1\. It's a hard economy in general, which is suppressing IPOs overall.

2\. The IPOs that the tech community are "used" to were during artificially
high periods, setting the watermark at levels that realistically, not many
companies can touch.

Addressing your point about copycatting, I think that there will always be
competition abroad and it will be successful, but not nearly as successful as
the original idea. There are countless Groupon clones out there, but only 1
has earned a $1.2b valuation. Further, I think that an integral part of the
nebulous equation that makes a successful startup is the founder/team. Getting
the right people behind the right idea is absolutely crucial, and if you don't
have the right people, it will almost always fail.

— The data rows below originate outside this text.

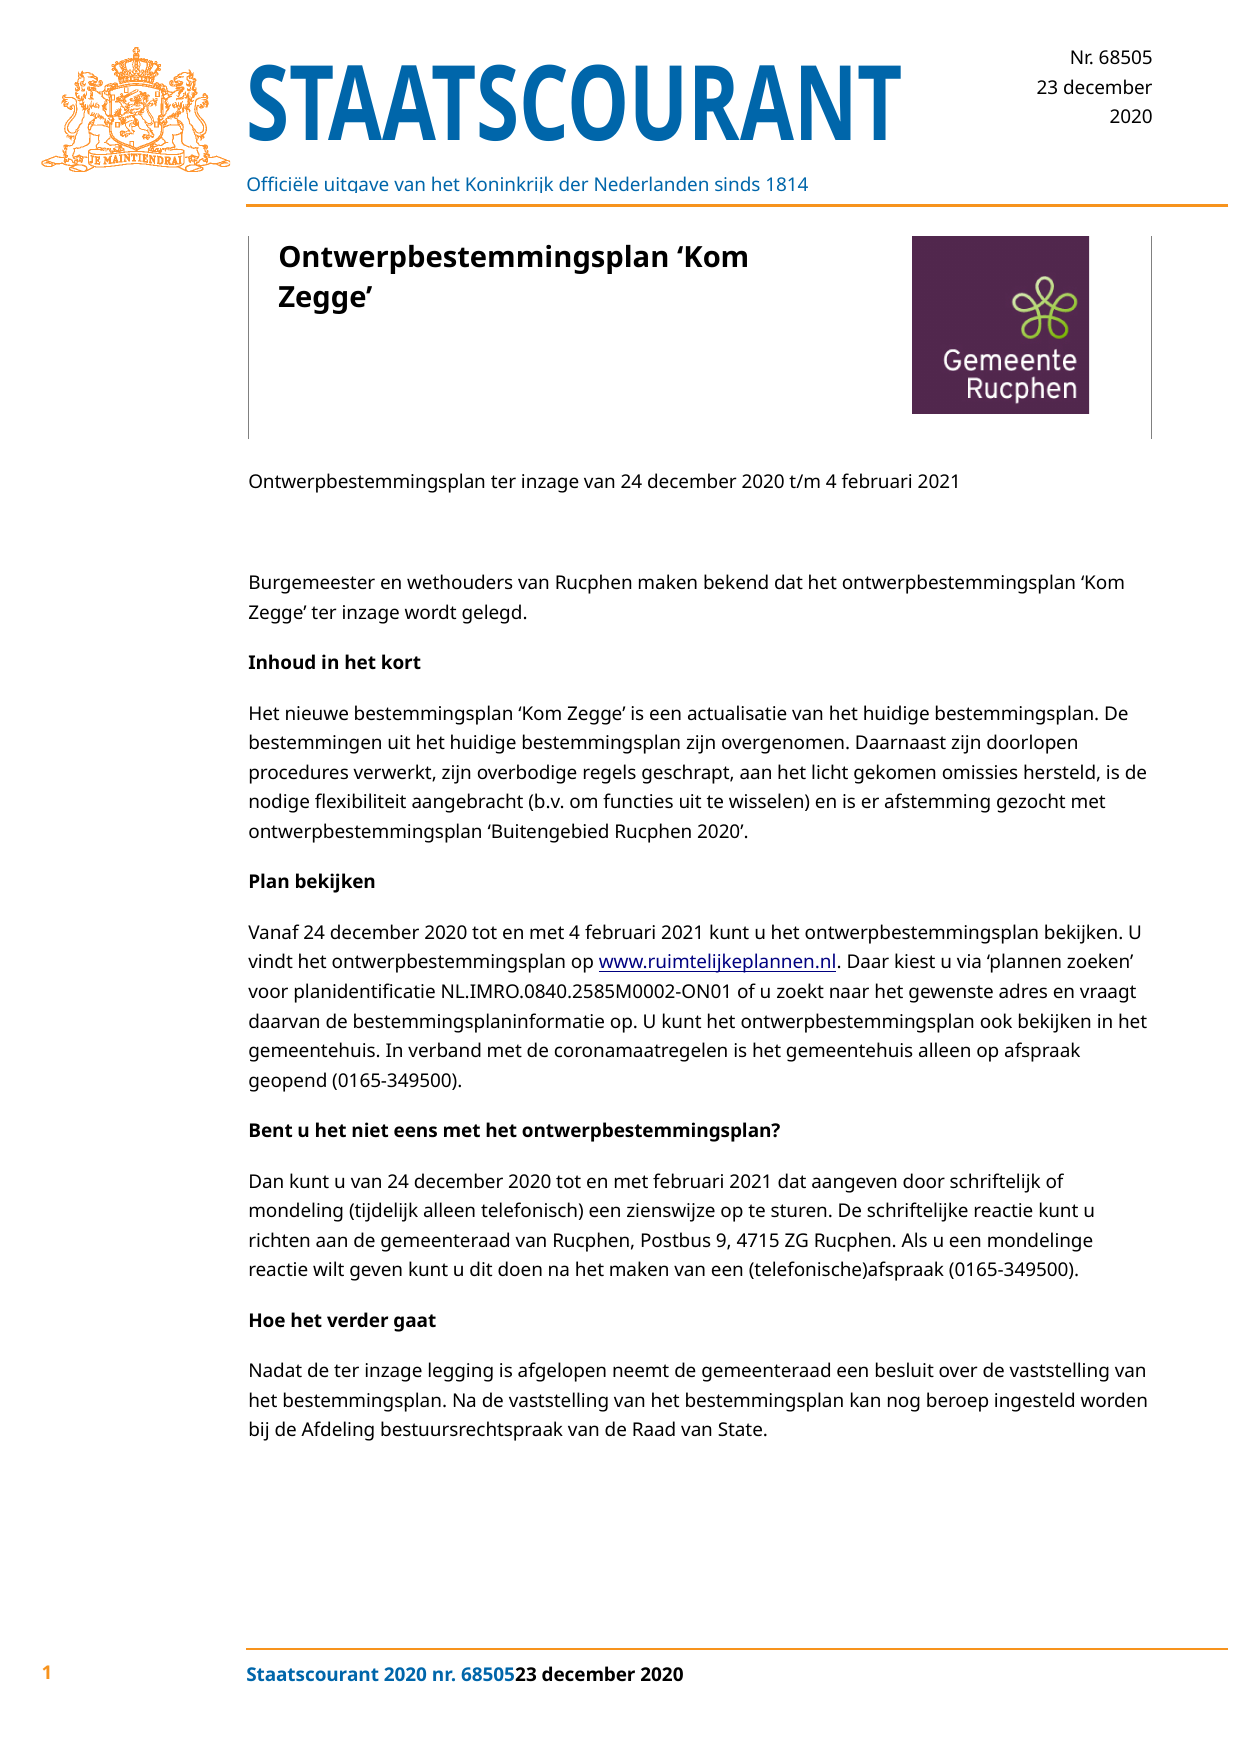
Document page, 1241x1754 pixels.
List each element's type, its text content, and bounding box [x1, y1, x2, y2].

text Plan bekijken [248, 869, 1152, 894]
text Het nieuwe bestemmingsplan ‘Kom Zegge’ is een actualisatie van het huidige bestemmingsplan. De bestemmingen uit het huidige bestemmingsplan zijn overgenomen. Daarnaast zijn doorlopen procedures verwerkt, zijn overbodige regels geschrapt, aan het licht gekomen omissies hersteld, is de nodige flexibiliteit aangebracht (b.v. om functies uit te wisselen) en is er afstemming gezocht met ontwerpbestemmingsplan ‘Buitengebied Rucphen 2020’. [248, 700, 1152, 844]
text Vanaf 24 december 2020 tot en met 4 februari 2021 kunt u het ontwerpbestemmingsplan bekijken. U vindt het ontwerpbestemmingsplan op www.ruimtelijkeplannen.nl. Daar kiest u via ‘plannen zoeken’ voor planidentificatie NL.IMRO.0840.2585M0002-ON01 of u zoekt naar het gewenste adres en vraagt daarvan de bestemmingsplaninformatie op. U kunt het ontwerpbestemmingsplan ook bekijken in het gemeentehuis. In verband met de coronamaatregelen is het gemeentehuis alleen op afspraak geopend (0165-349500). [248, 919, 1152, 1093]
text Hoe het verder gaat [248, 1307, 1152, 1333]
table_header [850, 414, 1151, 439]
picture [41, 47, 231, 172]
picture [912, 236, 1090, 414]
text Burgemeester en wethouders van Rucphen maken bekend dat het ontwerpbestemmingsplan ‘Kom Zegge’ ter inzage wordt gelegd. [248, 569, 1152, 625]
text Bent u het niet eens met het ontwerpbestemmingsplan? [248, 1117, 1152, 1143]
table_header Ontwerpbestemmingsplan ‘Kom Zegge’ [249, 236, 850, 439]
text Inhoud in het kort [248, 649, 1152, 675]
table_header [1090, 236, 1151, 413]
text Dan kunt u van 24 december 2020 tot en met februari 2021 dat aangeven door schriftelijk of mondeling (tijdelijk alleen telefonisch) een zienswijze op te sturen. De schriftelijke reactie kunt u richten aan de gemeenteraad van Rucphen, Postbus 9, 4715 ZG Rucphen. Als u een mondelinge reactie wilt geven kunt u dit doen na het maken van een (telefonische)afspraak (0165-349500). [248, 1168, 1152, 1282]
table_header [850, 236, 912, 413]
text Nadat de ter inzage legging is afgelopen neemt de gemeenteraad een besluit over de vaststelling van het bestemmingsplan. Na de vaststelling van het bestemmingsplan kan nog beroep ingesteld worden bij de Afdeling bestuursrechtspraak van de Raad van State. [248, 1357, 1152, 1442]
text Ontwerpbestemmingsplan ter inzage van 24 december 2020 t/m 4 februari 2021 [248, 469, 1152, 494]
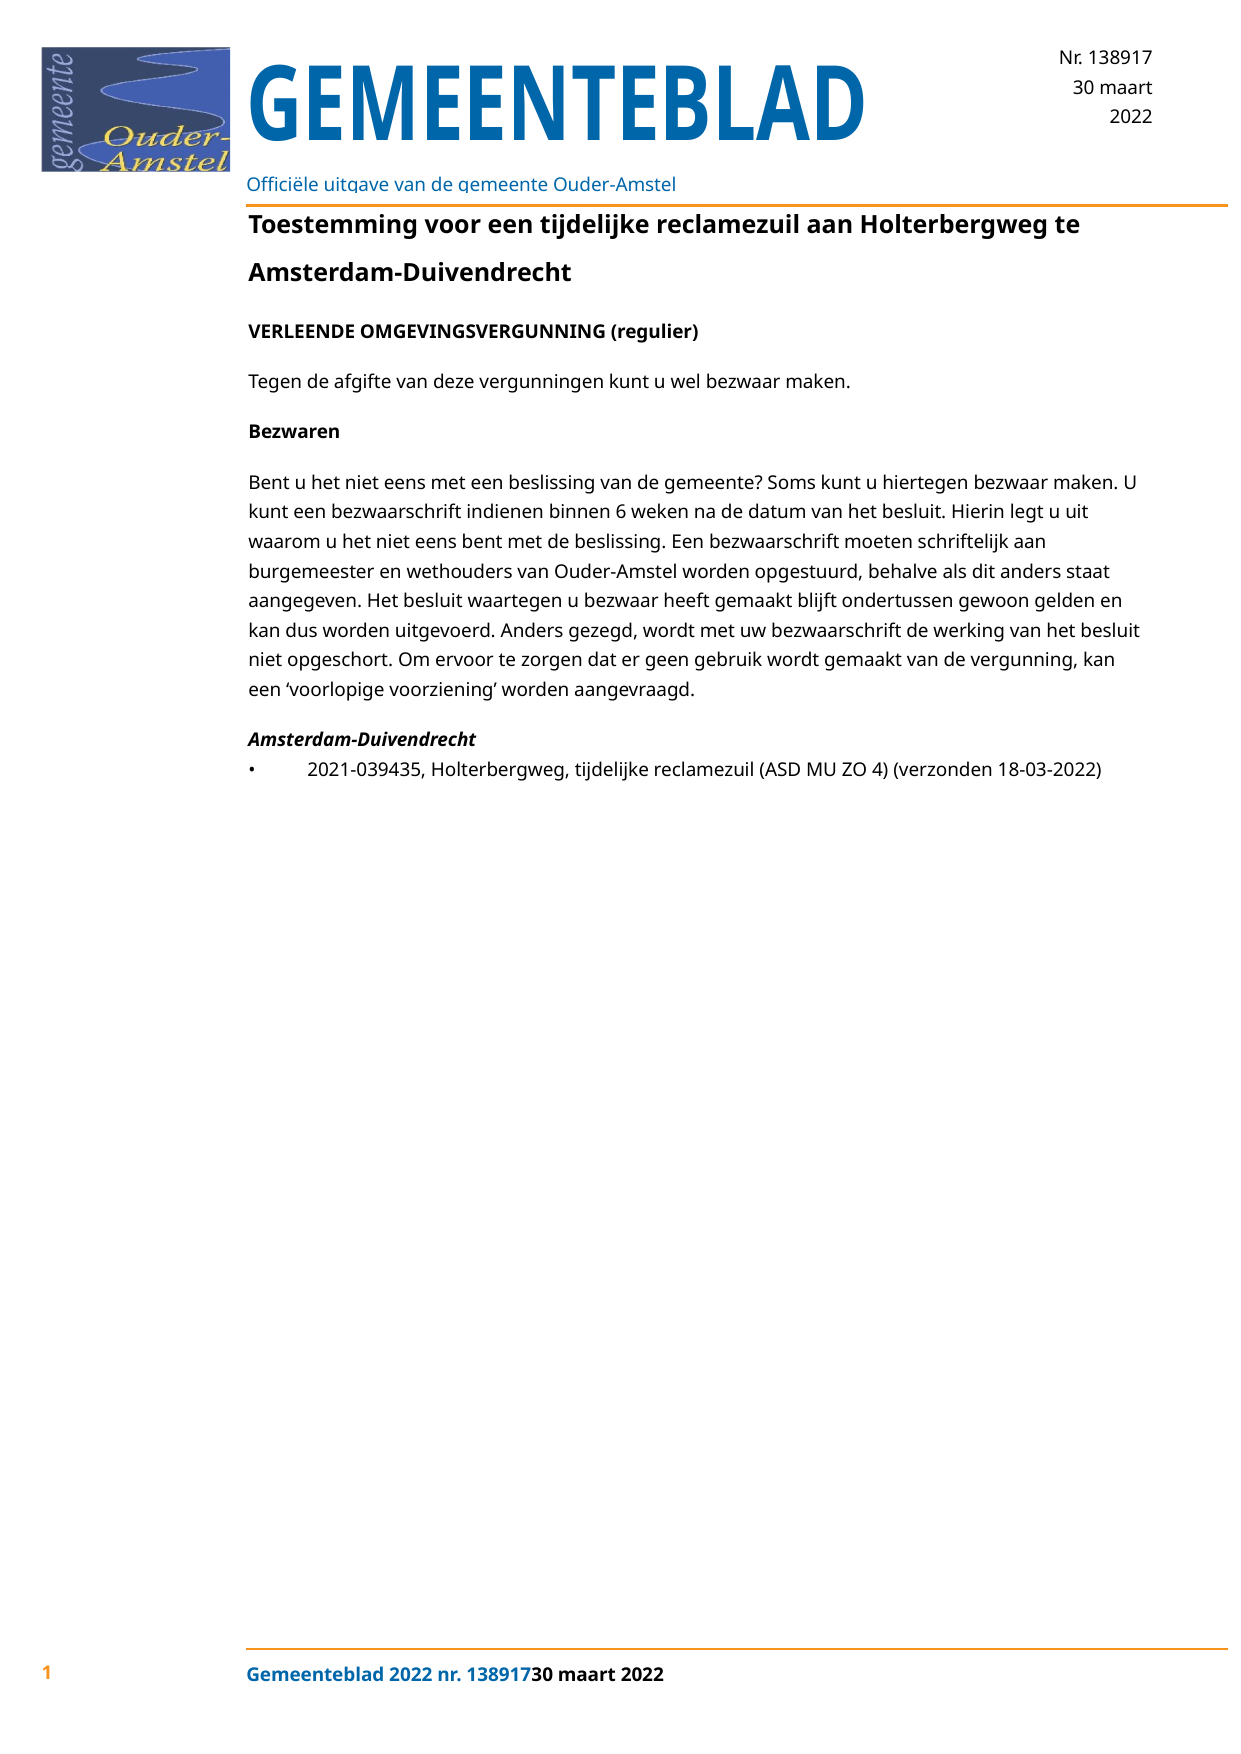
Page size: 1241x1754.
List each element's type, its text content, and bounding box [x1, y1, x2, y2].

text Tegen de afgifte van deze vergunningen kunt u wel bezwaar maken. [248, 368, 1152, 394]
text Bezwaren [248, 419, 1152, 444]
picture [41, 47, 231, 172]
text Toestemming voor een tijdelijke reclamezuil aan Holterbergweg te Amsterdam-Duivendrecht [248, 207, 1152, 288]
list 2021-039435, Holterbergweg, tijdelijke reclamezuil (ASD MU ZO 4) (verzonden 18-03-2022) [248, 756, 1152, 782]
text Amsterdam-Duivendrecht [248, 727, 1152, 752]
text VERLEENDE OMGEVINGSVERGUNNING (regulier) [248, 318, 1152, 344]
text Bent u het niet eens met een beslissing van de gemeente? Soms kunt u hiertegen bezwaar maken. U kunt een bezwaarschrift indienen binnen 6 weken na de datum van het besluit. Hierin legt u uit waarom u het niet eens bent met de beslissing. Een bezwaarschrift moeten schriftelijk aan burgemeester en wethouders van Ouder-Amstel worden opgestuurd, behalve als dit anders staat aangegeven. Het besluit waartegen u bezwaar heeft gemaakt blijft ondertussen gewoon gelden en kan dus worden uitgevoerd. Anders gezegd, wordt met uw bezwaarschrift de werking van het besluit niet opgeschort. Om ervoor te zorgen dat er geen gebruik wordt gemaakt van de vergunning, kan een ‘voorlopige voorziening’ worden aangevraagd. [248, 469, 1152, 702]
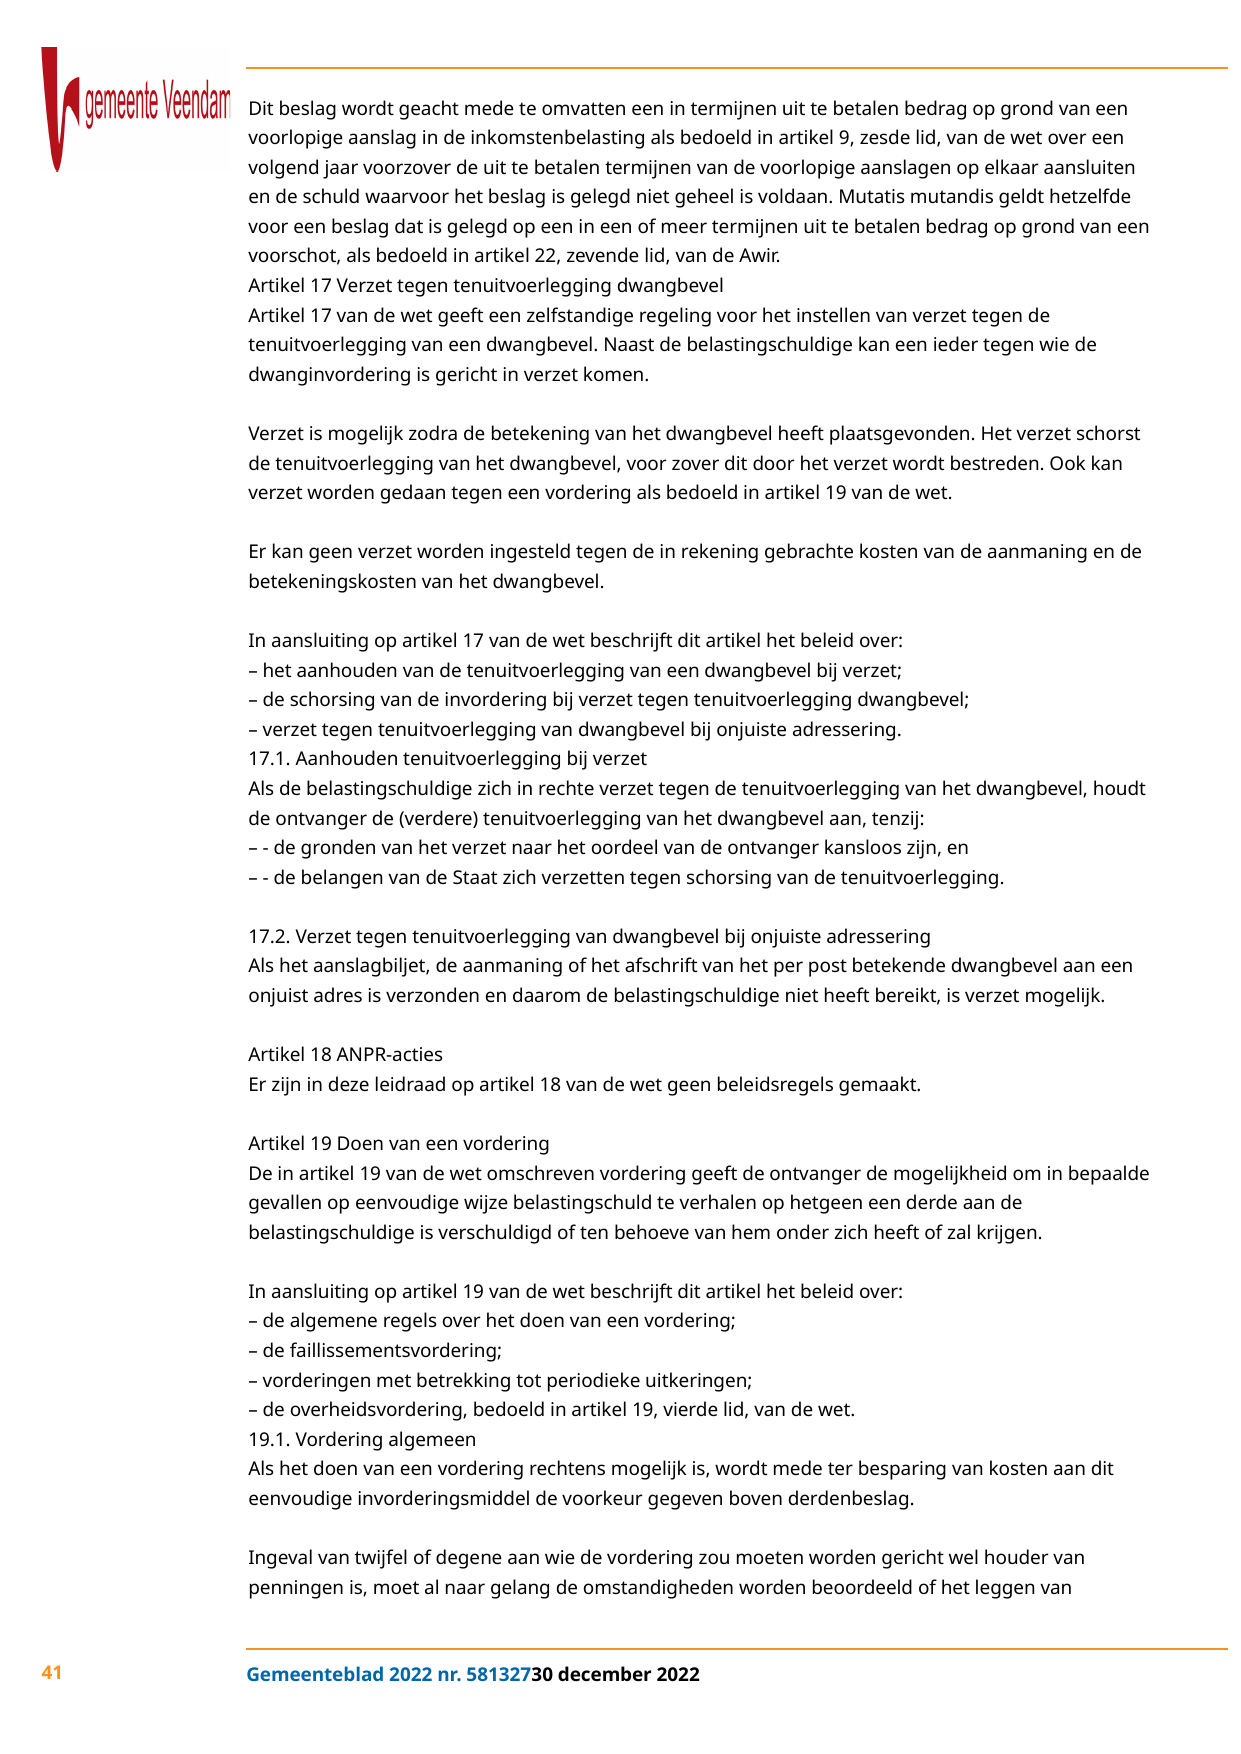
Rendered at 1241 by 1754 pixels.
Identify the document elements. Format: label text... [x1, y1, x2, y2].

text In aansluiting op artikel 19 van de wet beschrijft dit artikel het beleid over: [248, 1278, 1152, 1304]
text – - de belangen van de Staat zich verzetten tegen schorsing van de tenuitvoerlegging. [248, 864, 1152, 890]
picture [41, 47, 231, 172]
text Artikel 19 Doen van een vordering [248, 1130, 1152, 1156]
text Artikel 17 Verzet tegen tenuitvoerlegging dwangbevel [248, 272, 1152, 298]
text Ingeval van twijfel of degene aan wie de vordering zou moeten worden gericht wel houder van penningen is, moet al naar gelang de omstandigheden worden beoordeeld of het leggen van [248, 1544, 1152, 1600]
text – vorderingen met betrekking tot periodieke uitkeringen; [248, 1367, 1152, 1393]
text De in artikel 19 van de wet omschreven vordering geeft de ontvanger de mogelijkheid om in bepaalde gevallen op eenvoudige wijze belastingschuld te verhalen op hetgeen een derde aan de belastingschuldige is verschuldigd of ten behoeve van hem onder zich heeft of zal krijgen. [248, 1160, 1152, 1245]
text 17.2. Verzet tegen tenuitvoerlegging van dwangbevel bij onjuiste adressering [248, 923, 1152, 949]
text 19.1. Vordering algemeen [248, 1426, 1152, 1452]
text Er kan geen verzet worden ingesteld tegen de in rekening gebrachte kosten van de aanmaning en de betekeningskosten van het dwangbevel. [248, 538, 1152, 594]
text Artikel 17 van de wet geeft een zelfstandige regeling voor het instellen van verzet tegen de tenuitvoerlegging van een dwangbevel. Naast de belastingschuldige kan een ieder tegen wie de dwanginvordering is gericht in verzet komen. [248, 302, 1152, 387]
text – - de gronden van het verzet naar het oordeel van de ontvanger kansloos zijn, en [248, 834, 1152, 860]
text – verzet tegen tenuitvoerlegging van dwangbevel bij onjuiste adressering. [248, 716, 1152, 742]
text Dit beslag wordt geacht mede te omvatten een in termijnen uit te betalen bedrag op grond van een voorlopige aanslag in de inkomstenbelasting als bedoeld in artikel 9, zesde lid, van de wet over een volgend jaar voorzover de uit te betalen termijnen van de voorlopige aanslagen op elkaar aansluiten en de schuld waarvoor het beslag is gelegd niet geheel is voldaan. Mutatis mutandis geldt hetzelfde voor een beslag dat is gelegd op een in een of meer termijnen uit te betalen bedrag op grond van een voorschot, als bedoeld in artikel 22, zevende lid, van de Awir. [248, 95, 1152, 268]
text – de algemene regels over het doen van een vordering; [248, 1308, 1152, 1333]
text Als de belastingschuldige zich in rechte verzet tegen de tenuitvoerlegging van het dwangbevel, houdt de ontvanger de (verdere) tenuitvoerlegging van het dwangbevel aan, tenzij: [248, 775, 1152, 831]
text – de faillissementsvordering; [248, 1337, 1152, 1363]
text Als het doen van een vordering rechtens mogelijk is, wordt mede ter besparing van kosten aan dit eenvoudige invorderingsmiddel de voorkeur gegeven boven derdenbeslag. [248, 1456, 1152, 1511]
text Als het aanslagbiljet, de aanmaning of het afschrift van het per post betekende dwangbevel aan een onjuist adres is verzonden en daarom de belastingschuldige niet heeft bereikt, is verzet mogelijk. [248, 953, 1152, 1008]
text – de overheidsvordering, bedoeld in artikel 19, vierde lid, van de wet. [248, 1396, 1152, 1422]
text 17.1. Aanhouden tenuitvoerlegging bij verzet [248, 746, 1152, 771]
text – de schorsing van de invordering bij verzet tegen tenuitvoerlegging dwangbevel; [248, 686, 1152, 712]
text Verzet is mogelijk zodra de betekening van het dwangbevel heeft plaatsgevonden. Het verzet schorst de tenuitvoerlegging van het dwangbevel, voor zover dit door het verzet wordt bestreden. Ook kan verzet worden gedaan tegen een vordering als bedoeld in artikel 19 van de wet. [248, 420, 1152, 505]
text Artikel 18 ANPR-acties [248, 1041, 1152, 1067]
text – het aanhouden van de tenuitvoerlegging van een dwangbevel bij verzet; [248, 657, 1152, 683]
text Er zijn in deze leidraad op artikel 18 van de wet geen beleidsregels gemaakt. [248, 1071, 1152, 1097]
text In aansluiting op artikel 17 van de wet beschrijft dit artikel het beleid over: [248, 627, 1152, 653]

I think that Super Angels are offering startups a metaphorical stepping stone
where previously, financing was tough. As the niche grows, however, I think
that the stepping stone will start looking more like its own plateau.

------
alexdmoore
This is a great article. The shift to super angel is primarily a model that
favors entrepreneurs structurally. I would expect the trend to continue until
the entrepreneur/angel group is hard to differentiate. Talented people will
jump back and forth and fund each other's companies so that it appears your
startup is funded by a ton of other startup CEOs.

------
joshu
Aydin and Dave are a real pleasure to work with. I've co-invested with both of
them, as well as their funds.